(Data shown Opens)

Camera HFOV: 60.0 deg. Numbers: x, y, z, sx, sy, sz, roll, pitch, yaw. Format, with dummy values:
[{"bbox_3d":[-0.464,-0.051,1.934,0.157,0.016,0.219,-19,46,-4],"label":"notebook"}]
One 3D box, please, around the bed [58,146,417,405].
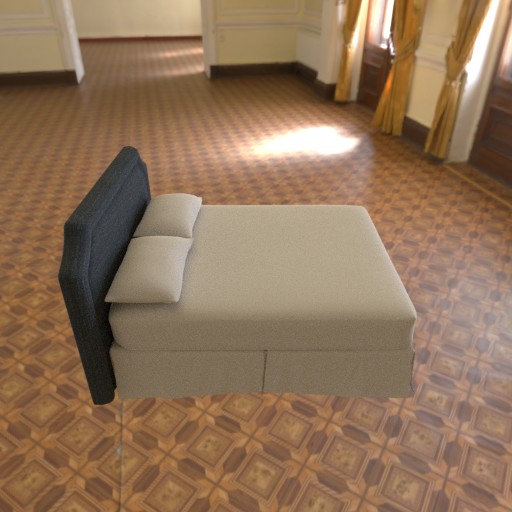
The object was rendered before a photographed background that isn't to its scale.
[{"bbox_3d":[0.000,0.000,3.417,2.208,1.297,1.828,0,32,0],"label":"bed"}]
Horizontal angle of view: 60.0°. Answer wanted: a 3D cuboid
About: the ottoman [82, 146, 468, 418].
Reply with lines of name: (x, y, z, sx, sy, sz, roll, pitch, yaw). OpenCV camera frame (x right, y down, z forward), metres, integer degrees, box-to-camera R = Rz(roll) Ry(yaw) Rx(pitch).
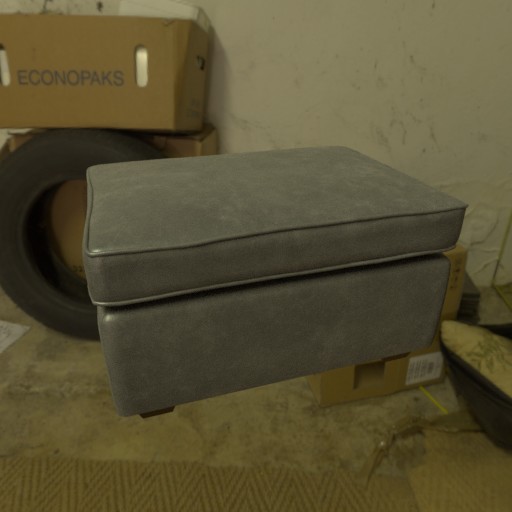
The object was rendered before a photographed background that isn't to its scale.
ottoman: (0.000, 0.000, 1.105, 0.756, 0.445, 0.554, -8, 28, -16)
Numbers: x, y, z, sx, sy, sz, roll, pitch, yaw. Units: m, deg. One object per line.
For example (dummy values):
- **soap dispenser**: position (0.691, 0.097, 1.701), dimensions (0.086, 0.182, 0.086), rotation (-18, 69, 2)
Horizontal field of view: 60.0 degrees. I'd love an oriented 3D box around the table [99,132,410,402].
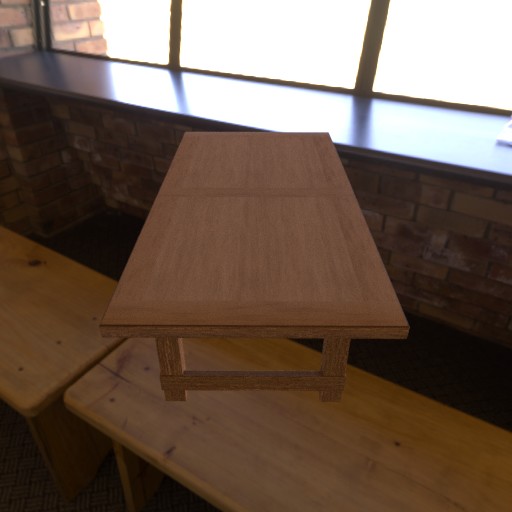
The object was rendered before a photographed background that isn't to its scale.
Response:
- **table**: position (0.000, 0.000, 2.457), dimensions (1.000, 0.762, 1.982), rotation (0, 33, 0)
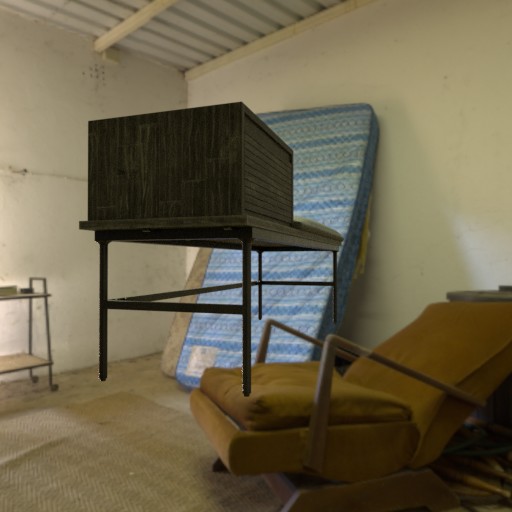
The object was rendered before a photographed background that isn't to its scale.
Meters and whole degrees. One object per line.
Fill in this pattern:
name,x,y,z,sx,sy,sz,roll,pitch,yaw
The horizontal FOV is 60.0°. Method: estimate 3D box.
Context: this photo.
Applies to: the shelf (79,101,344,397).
shelf,0.000,0.000,1.619,0.457,0.633,1.342,0,-1,19
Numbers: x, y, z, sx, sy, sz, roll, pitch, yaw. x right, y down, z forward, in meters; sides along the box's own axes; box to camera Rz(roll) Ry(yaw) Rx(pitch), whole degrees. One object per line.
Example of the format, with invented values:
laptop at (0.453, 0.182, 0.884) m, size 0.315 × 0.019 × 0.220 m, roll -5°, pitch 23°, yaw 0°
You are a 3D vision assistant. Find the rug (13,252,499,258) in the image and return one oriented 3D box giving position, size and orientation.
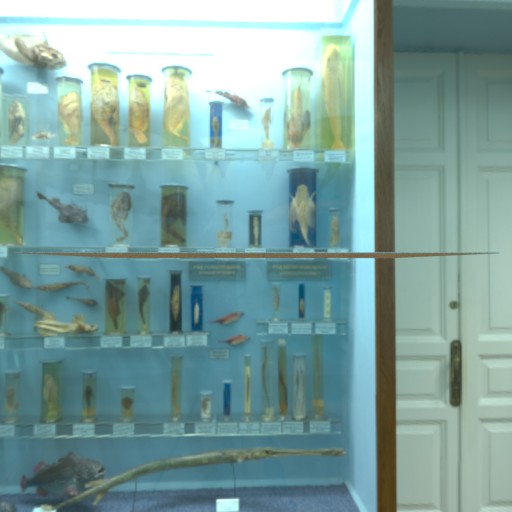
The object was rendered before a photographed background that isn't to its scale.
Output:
rug at (0.000, 0.000, 3.630) m, size 2.895 × 0.006 × 1.982 m, roll 0°, pitch -1°, yaw -1°
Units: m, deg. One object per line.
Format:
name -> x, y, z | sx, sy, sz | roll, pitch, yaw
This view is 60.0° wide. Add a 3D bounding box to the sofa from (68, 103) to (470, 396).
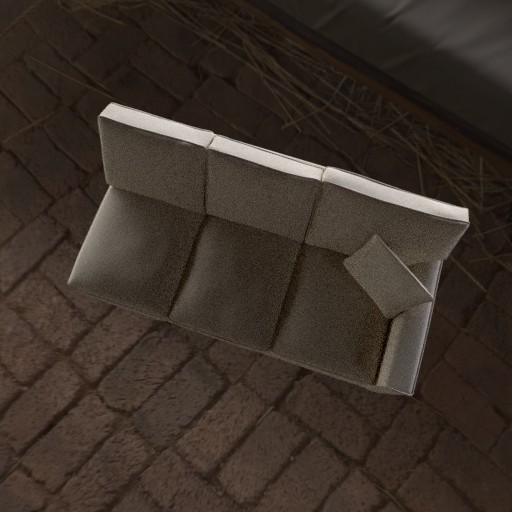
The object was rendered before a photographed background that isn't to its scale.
sofa -> 0.000, 0.000, 2.554 | 1.963, 0.946, 1.034 | 18, 75, 5
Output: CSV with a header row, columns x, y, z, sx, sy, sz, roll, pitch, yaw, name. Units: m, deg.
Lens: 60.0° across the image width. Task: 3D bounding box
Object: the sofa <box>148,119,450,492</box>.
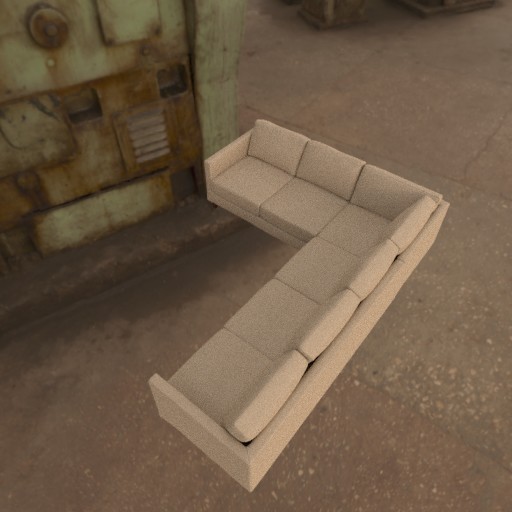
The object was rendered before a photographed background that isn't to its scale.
x,y,z,sx,sy,sz,roll,pitch,yaw,name
0.000,0.000,4.233,2.432,0.863,3.182,30,54,25,sofa
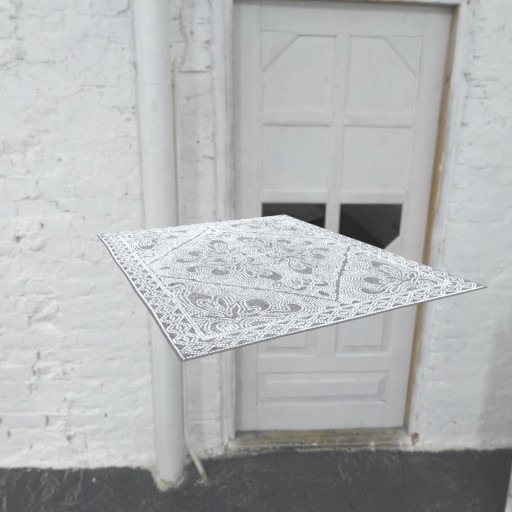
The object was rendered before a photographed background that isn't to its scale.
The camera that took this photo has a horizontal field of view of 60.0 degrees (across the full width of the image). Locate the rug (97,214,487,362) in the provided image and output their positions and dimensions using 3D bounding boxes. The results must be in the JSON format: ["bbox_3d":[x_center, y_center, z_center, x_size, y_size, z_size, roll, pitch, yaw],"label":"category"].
[{"bbox_3d":[0.000,0.000,4.136,2.438,0.012,3.048,-8,19,-25],"label":"rug"}]
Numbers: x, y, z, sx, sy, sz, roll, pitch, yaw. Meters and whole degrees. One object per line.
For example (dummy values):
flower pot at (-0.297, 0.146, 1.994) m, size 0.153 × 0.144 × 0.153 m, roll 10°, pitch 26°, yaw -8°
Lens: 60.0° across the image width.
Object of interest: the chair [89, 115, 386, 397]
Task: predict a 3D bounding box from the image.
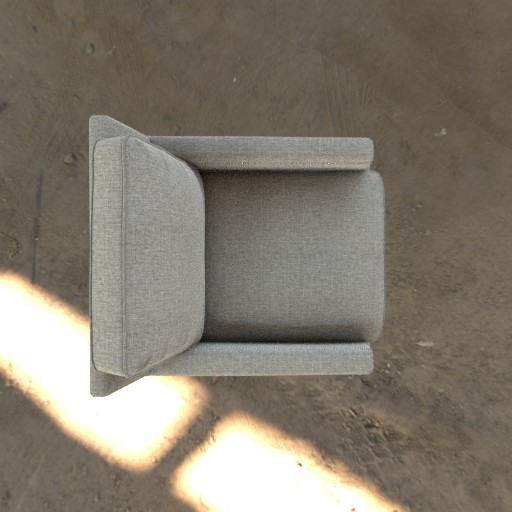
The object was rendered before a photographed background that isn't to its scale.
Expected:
chair at (0.000, 0.000, 1.660) m, size 1.014 × 0.943 × 0.853 m, roll 0°, pitch 90°, yaw -1°
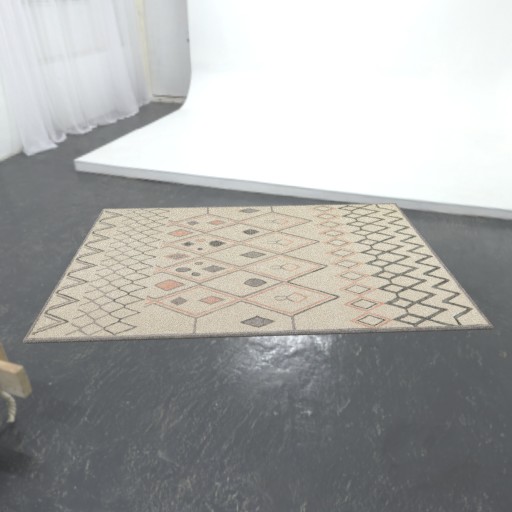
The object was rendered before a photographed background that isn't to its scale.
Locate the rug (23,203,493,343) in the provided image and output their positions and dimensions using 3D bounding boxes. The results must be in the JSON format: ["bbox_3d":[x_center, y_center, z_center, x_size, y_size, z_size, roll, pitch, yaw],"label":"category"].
[{"bbox_3d":[0.000,0.000,2.241,1.829,0.016,1.219,-1,30,-2],"label":"rug"}]
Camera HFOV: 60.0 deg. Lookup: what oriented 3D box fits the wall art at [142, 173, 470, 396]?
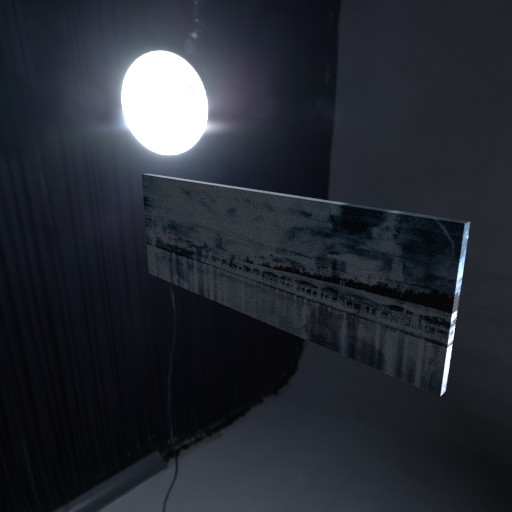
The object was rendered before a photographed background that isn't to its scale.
[{"bbox_3d":[0.000,0.000,1.722,1.524,0.509,0.037,16,23,42],"label":"wall art"}]
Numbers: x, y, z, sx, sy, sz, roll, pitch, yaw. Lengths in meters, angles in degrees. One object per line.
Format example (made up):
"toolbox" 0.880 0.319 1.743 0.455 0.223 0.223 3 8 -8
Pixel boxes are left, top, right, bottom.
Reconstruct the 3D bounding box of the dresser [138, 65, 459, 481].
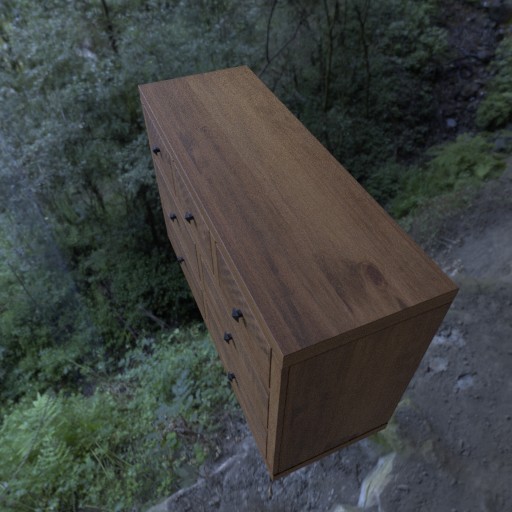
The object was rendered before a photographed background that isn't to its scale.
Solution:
"dresser" 0.000 0.000 1.634 0.479 0.825 1.261 -18 49 -16
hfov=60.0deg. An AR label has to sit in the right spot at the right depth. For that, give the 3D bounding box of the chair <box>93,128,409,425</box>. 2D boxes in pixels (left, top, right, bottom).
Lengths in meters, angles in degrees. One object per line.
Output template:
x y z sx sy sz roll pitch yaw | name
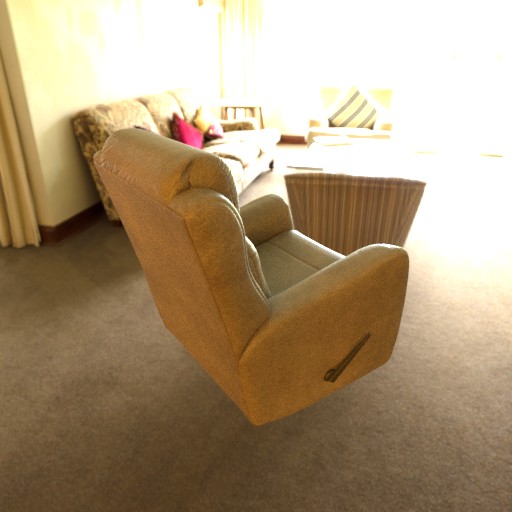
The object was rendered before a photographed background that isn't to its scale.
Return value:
0.000 0.000 1.976 1.068 1.116 0.967 -17 31 -31 | chair
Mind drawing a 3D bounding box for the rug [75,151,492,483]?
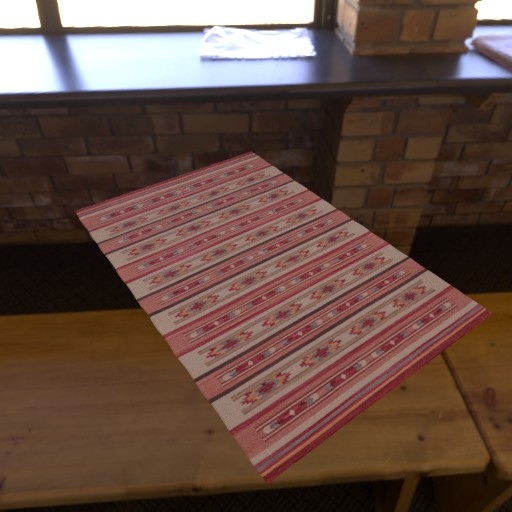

(Data shown Closes)

▶ Problem statement: Write the lines above out again exactly, without any of their pictures.

▶ Reply to the task:
Camera HFOV: 60.0 deg. Numbers: x, y, z, sx, sy, sz, roll, pitch, yaw. Format, with dummy values:
[{"bbox_3d":[-0.464,-0.051,1.934,0.157,0.016,0.219,-19,46,-4],"label":"notebook"}]
One 3D box, please, around the bed [58,146,417,405].
The object was rendered before a photographed background that isn't to its scale.
[{"bbox_3d":[0.000,0.000,3.417,2.208,1.297,1.828,0,32,0],"label":"bed"}]
Horizontal angle of view: 60.0°. Answer wanted: a 3D cuboid
About: the ottoman [82, 146, 468, 418].
Reply with lines of name: (x, y, z, sx, sy, sz, roll, pitch, yaw). OpenCV camera frame (x right, y down, z forward), metres, integer degrees, box-to-camera R = Rz(roll) Ry(yaw) Rx(pitch).
The object was rendered before a photographed background that isn't to its scale.
ottoman: (0.000, 0.000, 1.105, 0.756, 0.445, 0.554, -8, 28, -16)
Numbers: x, y, z, sx, sy, sz, roll, pitch, yaw. Units: m, deg. One object per line.
For example (dummy values):
- **soap dispenser**: position (0.691, 0.097, 1.701), dimensions (0.086, 0.182, 0.086), rotation (-18, 69, 2)
Horizontal field of view: 60.0 degrees. I'd love an oriented 3D box around the table [99,132,410,402].
The object was rendered before a photographed background that isn't to its scale.
Response:
- **table**: position (0.000, 0.000, 2.457), dimensions (1.000, 0.762, 1.982), rotation (0, 33, 0)
The object was rendered before a photographed background that isn't to its scale.
Meters and whole degrees. One object per line.
Fill in this pattern:
name,x,y,z,sx,sy,sz,roll,pitch,yaw
The horizontal FOV is 60.0°. Method: estimate 3D box.
Context: this photo.
Applies to: the shelf (79,101,344,397).
shelf,0.000,0.000,1.619,0.457,0.633,1.342,0,-1,19
Numbers: x, y, z, sx, sy, sz, roll, pitch, yaw. x right, y down, z forward, in meters; sides along the box's own axes; box to camera Rz(roll) Ry(yaw) Rx(pitch), whole degrees. One object per line.
Example of the format, with invented values:
laptop at (0.453, 0.182, 0.884) m, size 0.315 × 0.019 × 0.220 m, roll -5°, pitch 23°, yaw 0°
You are a 3D vision assistant. Find the rug (13,252,499,258) in the image and return one oriented 3D box giving position, size and orientation.
The object was rendered before a photographed background that isn't to its scale.
Output:
rug at (0.000, 0.000, 3.630) m, size 2.895 × 0.006 × 1.982 m, roll 0°, pitch -1°, yaw -1°
Units: m, deg. One object per line.
Format:
name -> x, y, z | sx, sy, sz | roll, pitch, yaw
This view is 60.0° wide. Add a 3D bounding box to the sofa from (68, 103) to (470, 396).
The object was rendered before a photographed background that isn't to its scale.
sofa -> 0.000, 0.000, 2.554 | 1.963, 0.946, 1.034 | 18, 75, 5
Output: CSV with a header row, columns x, y, z, sx, sy, sz, roll, pitch, yaw, name. Units: m, deg.
Lens: 60.0° across the image width. Task: 3D bounding box
Object: the sofa <box>148,119,450,492</box>.
The object was rendered before a photographed background that isn't to its scale.
x,y,z,sx,sy,sz,roll,pitch,yaw,name
0.000,0.000,4.233,2.432,0.863,3.182,30,54,25,sofa
The object was rendered before a photographed background that isn't to its scale.
The camera that took this photo has a horizontal field of view of 60.0 degrees (across the full width of the image). Locate the rug (97,214,487,362) in the provided image and output their positions and dimensions using 3D bounding boxes. The results must be in the JSON format: ["bbox_3d":[x_center, y_center, z_center, x_size, y_size, z_size, roll, pitch, yaw],"label":"category"].
[{"bbox_3d":[0.000,0.000,4.136,2.438,0.012,3.048,-8,19,-25],"label":"rug"}]
Numbers: x, y, z, sx, sy, sz, roll, pitch, yaw. Meters and whole degrees. One object per line.
For example (dummy values):
flower pot at (-0.297, 0.146, 1.994) m, size 0.153 × 0.144 × 0.153 m, roll 10°, pitch 26°, yaw -8°
Lens: 60.0° across the image width.
Object of interest: the chair [89, 115, 386, 397]
Task: predict a 3D bounding box from the image.
The object was rendered before a photographed background that isn't to its scale.
Expected:
chair at (0.000, 0.000, 1.660) m, size 1.014 × 0.943 × 0.853 m, roll 0°, pitch 90°, yaw -1°
The object was rendered before a photographed background that isn't to its scale.
Locate the rug (23,203,493,343) in the provided image and output their positions and dimensions using 3D bounding boxes. The results must be in the JSON format: ["bbox_3d":[x_center, y_center, z_center, x_size, y_size, z_size, roll, pitch, yaw],"label":"category"].
[{"bbox_3d":[0.000,0.000,2.241,1.829,0.016,1.219,-1,30,-2],"label":"rug"}]
Camera HFOV: 60.0 deg. Lookup: what oriented 3D box fits the wall art at [142, 173, 470, 396]?
The object was rendered before a photographed background that isn't to its scale.
[{"bbox_3d":[0.000,0.000,1.722,1.524,0.509,0.037,16,23,42],"label":"wall art"}]
Numbers: x, y, z, sx, sy, sz, roll, pitch, yaw. Lengths in meters, angles in degrees. One object per line.
Format example (made up):
"toolbox" 0.880 0.319 1.743 0.455 0.223 0.223 3 8 -8
Pixel boxes are left, top, right, bottom.
Reconstruct the 3D bounding box of the dresser [138, 65, 459, 481].
The object was rendered before a photographed background that isn't to its scale.
Solution:
"dresser" 0.000 0.000 1.634 0.479 0.825 1.261 -18 49 -16
hfov=60.0deg. An AR label has to sit in the right spot at the right depth. For that, give the 3D bounding box of the chair <box>93,128,409,425</box>. 2D boxes in pixels (left, top, right, bottom).
Lengths in meters, angles in degrees. One object per line.
Output template:
x y z sx sy sz roll pitch yaw | name
The object was rendered before a photographed background that isn't to its scale.
Return value:
0.000 0.000 1.976 1.068 1.116 0.967 -17 31 -31 | chair
Mind drawing a 3D bounding box for the rug [75,151,492,483]?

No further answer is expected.